| Data under study |
*****

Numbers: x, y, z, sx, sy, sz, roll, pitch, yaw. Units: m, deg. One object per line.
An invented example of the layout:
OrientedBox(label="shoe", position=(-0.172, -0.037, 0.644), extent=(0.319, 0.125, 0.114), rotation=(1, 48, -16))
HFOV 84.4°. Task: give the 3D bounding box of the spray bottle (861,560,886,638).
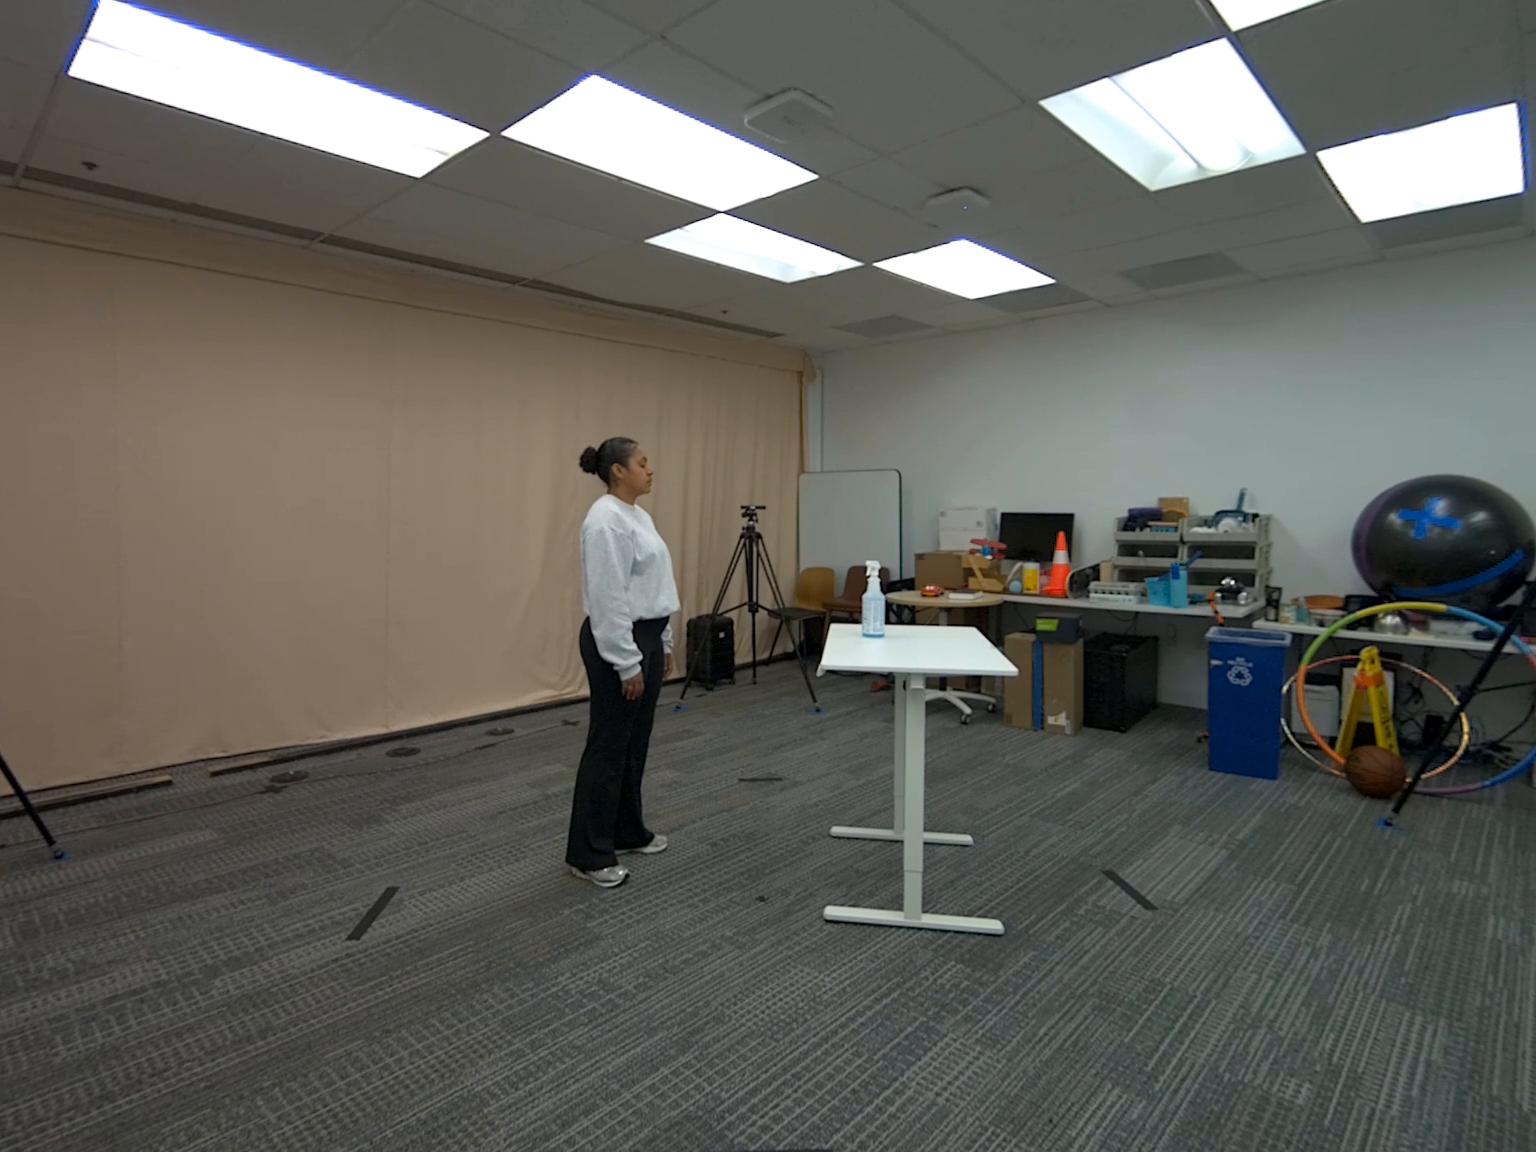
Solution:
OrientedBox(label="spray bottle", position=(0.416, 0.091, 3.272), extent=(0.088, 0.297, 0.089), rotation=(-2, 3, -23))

*****

| Exercise instructions |
Restate it all word for word: every record, no pictures.

| Reply to the exercise |
Numbers: x, y, z, sx, sy, sz, roll, pitch, yaw. Units: m, deg. One object per line.
An invented example of the layout:
OrientedBox(label="shoe", position=(-0.172, -0.037, 0.644), extent=(0.319, 0.125, 0.114), rotation=(1, 48, -16))
HFOV 84.4°. Task: give the 3D bounding box of the spray bottle (861,560,886,638).
Solution:
OrientedBox(label="spray bottle", position=(0.416, 0.091, 3.272), extent=(0.088, 0.297, 0.089), rotation=(-2, 3, -23))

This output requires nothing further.